On 26th October, MP Yuri
Shapovalov announced his departure from Will of the People. Ergo Articles
59 and 60 of The Rules of the Verkhovna Rada immediately came into force.
The Will of the People would cease to exist as a parliamentary
faction/group 15 days later – unless Will of the People could attract a
parliamentarian from elsewhere to replace him and maintain the 20 members it
had when becoming the smallest faction/group in the first parliamentary
session.
What to do if you happen to be
a wafer thin majority coalition when a technical party stacked with
ex-Regionaires that vote for your critical policies (due to grubby deals) when
it’s absolutely vital is about to implode within 15 days of 26th October?
Proven to be without moral and
open to hire, how many of this group would come to the president’s party – if
there are any among that number who are not so odious as to prevent such an
overt association?
Can these newly released
parliamentarians be permitted to bounce around the Verkhovna Rada chamber
chaotically before each embeds with a different faction and/or group?
Should they be allowed to
embed with the junior coalition party The People’s Front strengthening its hand
in the coalition? Can they be allowed to head to the Opposition Block, or
The Radicals, or Batkivshchyna or Nash Krai? What number of these
chaotically floating parliamentarians can be expected to embed where?

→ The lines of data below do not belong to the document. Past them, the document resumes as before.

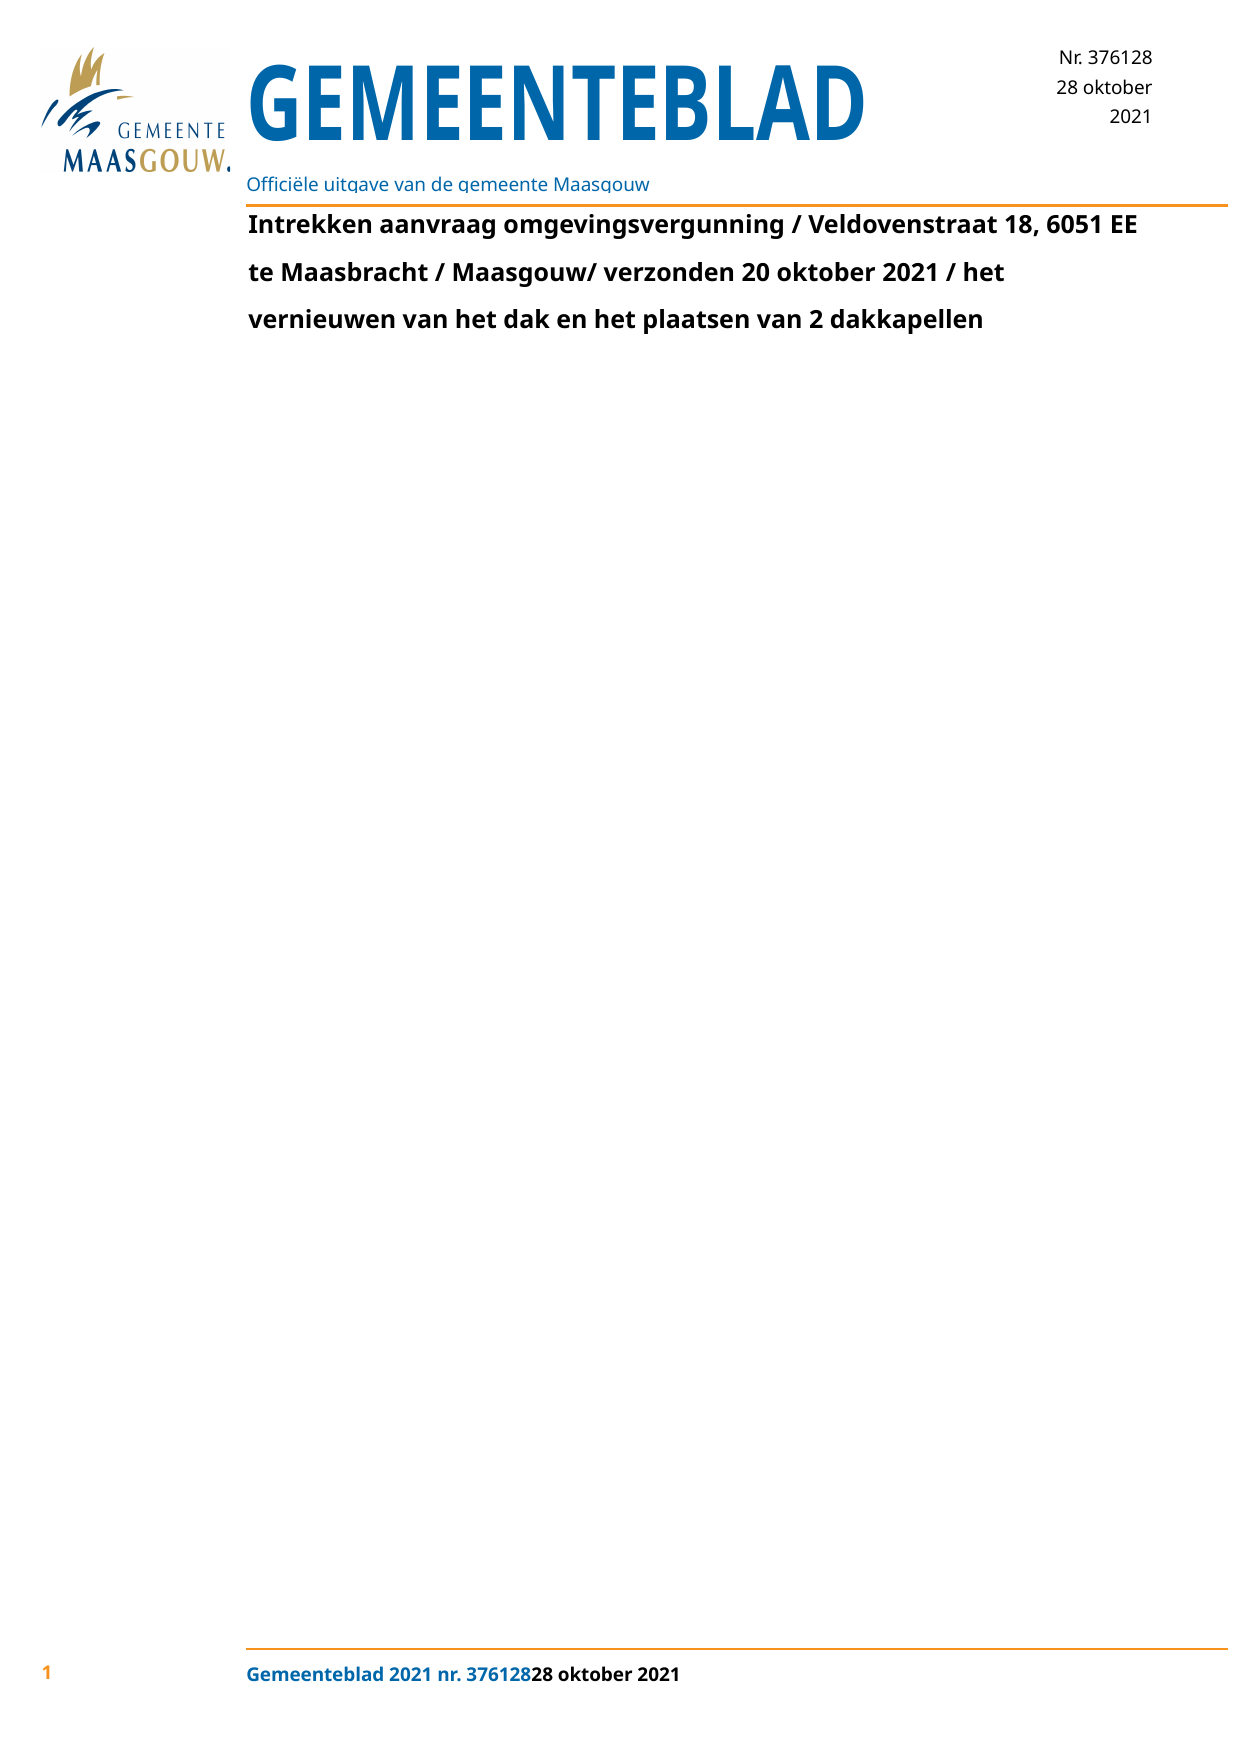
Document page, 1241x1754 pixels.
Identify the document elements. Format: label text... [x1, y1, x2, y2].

picture [41, 47, 231, 172]
text Intrekken aanvraag omgevingsvergunning / Veldovenstraat 18, 6051 EE te Maasbracht / Maasgouw/ verzonden 20 oktober 2021 / het vernieuwen van het dak en het plaatsen van 2 dakkapellen [248, 207, 1152, 336]
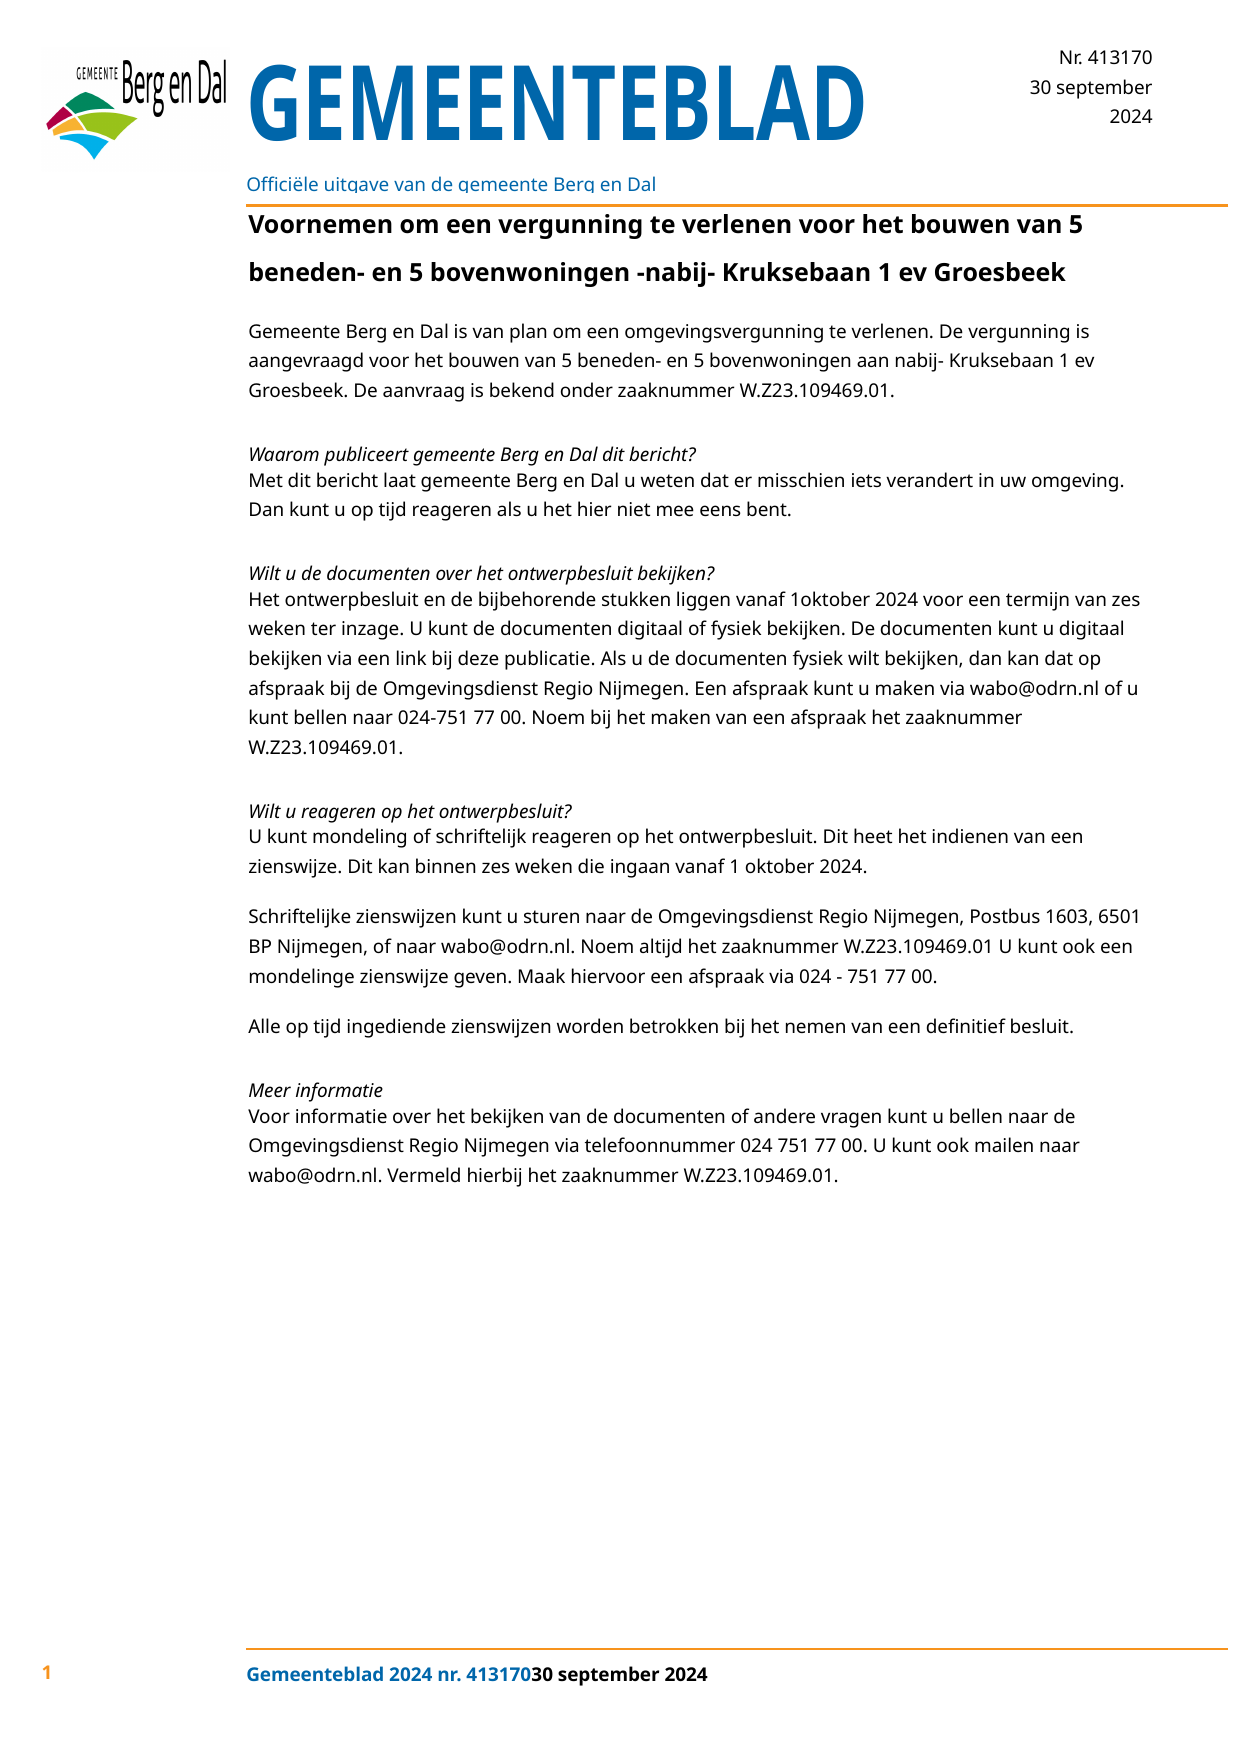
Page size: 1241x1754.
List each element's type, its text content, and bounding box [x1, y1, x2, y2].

text Voor informatie over het bekijken van de documenten of andere vragen kunt u bellen naar de Omgevingsdienst Regio Nijmegen via telefoonnummer 024 751 77 00. U kunt ook mailen naar wabo@odrn.nl. Vermeld hierbij het zaaknummer W.Z23.109469.01. [248, 1103, 1152, 1188]
text Schriftelijke zienswijzen kunt u sturen naar de Omgevingsdienst Regio Nijmegen, Postbus 1603, 6501 BP Nijmegen, of naar wabo@odrn.nl. Noem altijd het zaaknummer W.Z23.109469.01 U kunt ook een mondelinge zienswijze geven. Maak hiervoor een afspraak via 024 - 751 77 00. [248, 904, 1152, 988]
text Meer informatie [248, 1077, 1152, 1103]
text Gemeente Berg en Dal is van plan om een omgevingsvergunning te verlenen. De vergunning is aangevraagd voor het bouwen van 5 beneden- en 5 bovenwoningen aan nabij- Kruksebaan 1 ev Groesbeek. De aanvraag is bekend onder zaaknummer W.Z23.109469.01. [248, 318, 1152, 403]
text Wilt u de documenten over het ontwerpbesluit bekijken? [248, 560, 1152, 586]
text Met dit bericht laat gemeente Berg en Dal u weten dat er misschien iets verandert in uw omgeving. Dan kunt u op tijd reageren als u het hier niet mee eens bent. [248, 467, 1152, 522]
text Alle op tijd ingediende zienswijzen worden betrokken bij het nemen van een definitief besluit. [248, 1013, 1152, 1039]
text Voornemen om een vergunning te verlenen voor het bouwen van 5 beneden- en 5 bovenwoningen -nabij- Kruksebaan 1 ev Groesbeek [248, 207, 1152, 288]
text Het ontwerpbesluit en de bijbehorende stukken liggen vanaf 1oktober 2024 voor een termijn van zes weken ter inzage. U kunt de documenten digitaal of fysiek bekijken. De documenten kunt u digitaal bekijken via een link bij deze publicatie. Als u de documenten fysiek wilt bekijken, dan kan dat op afspraak bij de Omgevingsdienst Regio Nijmegen. Een afspraak kunt u maken via wabo@odrn.nl of u kunt bellen naar 024-751 77 00. Noem bij het maken van een afspraak het zaaknummer W.Z23.109469.01. [248, 586, 1152, 760]
text Wilt u reageren op het ontwerpbesluit? [248, 798, 1152, 824]
text Waarom publiceert gemeente Berg en Dal dit bericht? [248, 441, 1152, 467]
text U kunt mondeling of schriftelijk reageren op het ontwerpbesluit. Dit heet het indienen van een zienswijze. Dit kan binnen zes weken die ingaan vanaf 1 oktober 2024. [248, 824, 1152, 879]
picture [41, 47, 231, 172]
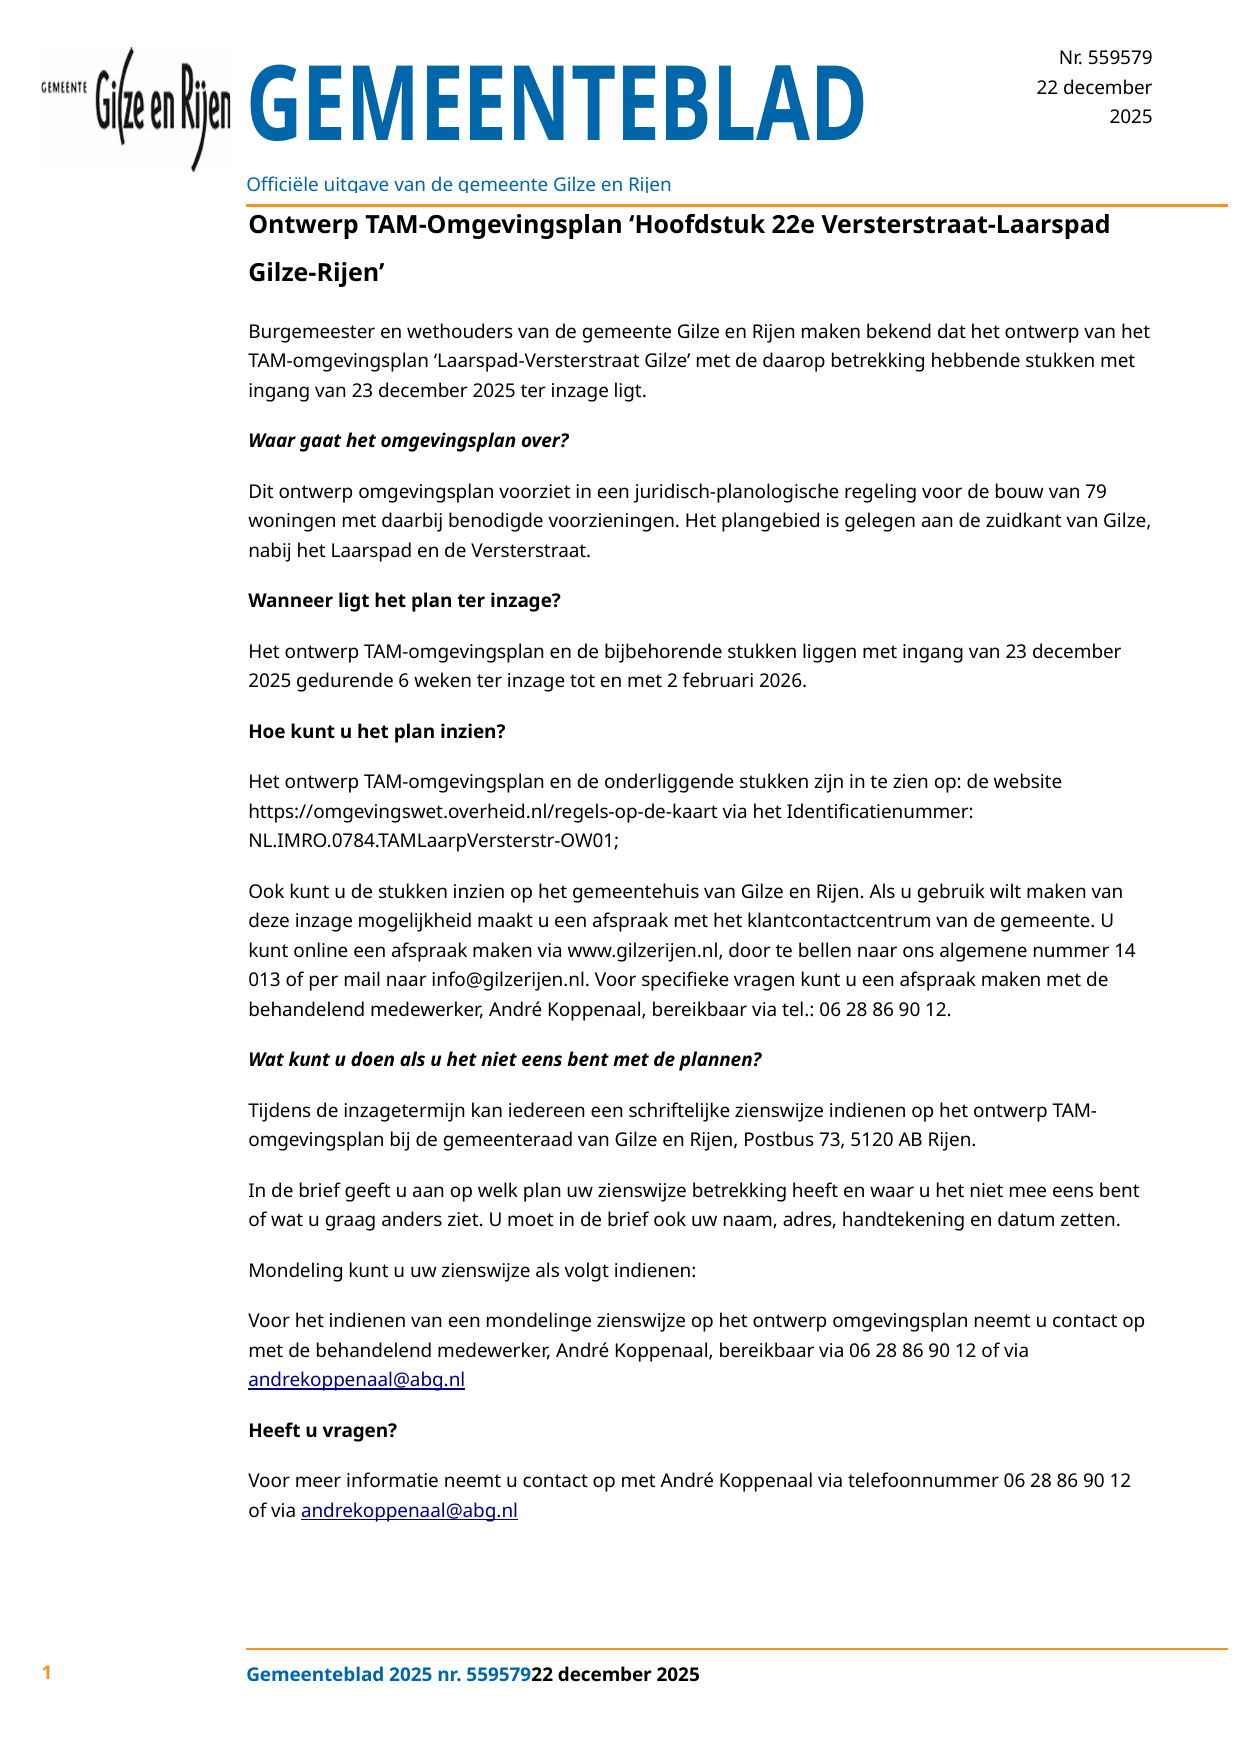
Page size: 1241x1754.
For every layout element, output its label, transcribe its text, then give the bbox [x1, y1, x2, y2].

text Mondeling kunt u uw zienswijze als volgt indienen: [248, 1257, 1152, 1283]
text Tijdens de inzagetermijn kan iedereen een schriftelijke zienswijze indienen op het ontwerp TAM-omgevingsplan bij de gemeenteraad van Gilze en Rijen, Postbus 73, 5120 AB Rijen. [248, 1097, 1152, 1152]
text Dit ontwerp omgevingsplan voorziet in een juridisch-planologische regeling voor de bouw van 79 woningen met daarbij benodigde voorzieningen. Het plangebied is gelegen aan de zuidkant van Gilze, nabij het Laarspad en de Versterstraat. [248, 478, 1152, 563]
picture [41, 47, 231, 172]
text Wat kunt u doen als u het niet eens bent met de plannen? [248, 1047, 1152, 1072]
text Voor het indienen van een mondelinge zienswijze op het ontwerp omgevingsplan neemt u contact op met de behandelend medewerker, André Koppenaal, bereikbaar via 06 28 86 90 12 of via andrekoppenaal@abg.nl [248, 1307, 1152, 1392]
text Waar gaat het omgevingsplan over? [248, 427, 1152, 453]
text Voor meer informatie neemt u contact op met André Koppenaal via telefoonnummer 06 28 86 90 12 of via andrekoppenaal@abg.nl [248, 1467, 1152, 1523]
text Burgemeester en wethouders van de gemeente Gilze en Rijen maken bekend dat het ontwerp van het TAM-omgevingsplan ‘Laarspad-Versterstraat Gilze’ met de daarop betrekking hebbende stukken met ingang van 23 december 2025 ter inzage ligt. [248, 318, 1152, 403]
text Het ontwerp TAM-omgevingsplan en de onderliggende stukken zijn in te zien op: de website https://omgevingswet.overheid.nl/regels-op-de-kaart via het Identificatienummer: NL.IMRO.0784.TAMLaarpVersterstr-OW01; [248, 768, 1152, 853]
text Wanneer ligt het plan ter inzage? [248, 587, 1152, 613]
text Ontwerp TAM-Omgevingsplan ‘Hoofdstuk 22e Versterstraat-Laarspad Gilze-Rijen’ [248, 207, 1152, 288]
text Hoe kunt u het plan inzien? [248, 718, 1152, 744]
text Ook kunt u de stukken inzien op het gemeentehuis van Gilze en Rijen. Als u gebruik wilt maken van deze inzage mogelijkheid maakt u een afspraak met het klantcontactcentrum van de gemeente. U kunt online een afspraak maken via www.gilzerijen.nl, door te bellen naar ons algemene nummer 14 013 of per mail naar info@gilzerijen.nl. Voor specifieke vragen kunt u een afspraak maken met de behandelend medewerker, André Koppenaal, bereikbaar via tel.: 06 28 86 90 12. [248, 878, 1152, 1022]
text Heeft u vragen? [248, 1417, 1152, 1443]
text Het ontwerp TAM-omgevingsplan en de bijbehorende stukken liggen met ingang van 23 december 2025 gedurende 6 weken ter inzage tot en met 2 februari 2026. [248, 638, 1152, 693]
text In de brief geeft u aan op welk plan uw zienswijze betrekking heeft en waar u het niet mee eens bent of wat u graag anders ziet. U moet in de brief ook uw naam, adres, handtekening en datum zetten. [248, 1177, 1152, 1232]

What are the repercussions of each?
If the status quo is
preferred and predictable for The Bankova, how to not only save the Will of the
People by 10th November, but also stabilise it and give it management and
structure going forward?
Clearly nothing so crass as
having a member of the president’s party defect to Will of the People is an
option for even though the President’s party is holding a lot of ex-Regionaires
among its ranks, public perception matters in this political parlour game.
The solution is obvious if a
degree of plausible deniability is the desired projected perception. Send
somebody from a presidential technical party to join the Will of the People
technical party, thus maintaining the broad and fairly predictable
parliamentary status quo.
Step forward Nash Krai, the
Bankova technical party created to split the ex-Regionaires.
But who from within Nash Krai?
It is not enough to simply send one member of Nash Krai to Will of the
People returning its number to 20 members in the immediate term.
Considering its lack of internal cohesion, structure, and management, an
effective individual would be a better choice for longer term predictability
and parliamentary stability requirements.
The answer it appears is to
send one of Nash Krai’s leading managers and long term Kharkiv parliamentarian
Olexander Feldman (over the past decade previously a member of both Ms Tymoshenko’s
Batkivshchyna, and latterly Party of Regions).
(Undoubtedly Ihor kolomoisky
will be reasonably happy with this arrangement too, with Messrs Feldman and
Kolomoisky long acquainted both through politics and through their historical
high positions within the Jewish organisations in Ukraine (and beyond)).
Thus the technicalities of
saving a technical party and maintaining the reasonably predictable
parliamentary status quo both before and behind the political
curtain would appear solved – providing the necessary announcements are made
within the Verkhovna Rada prior to 10th November when the 15 days termination
of Will of the People following Mr Shapovalov is due to be triggered.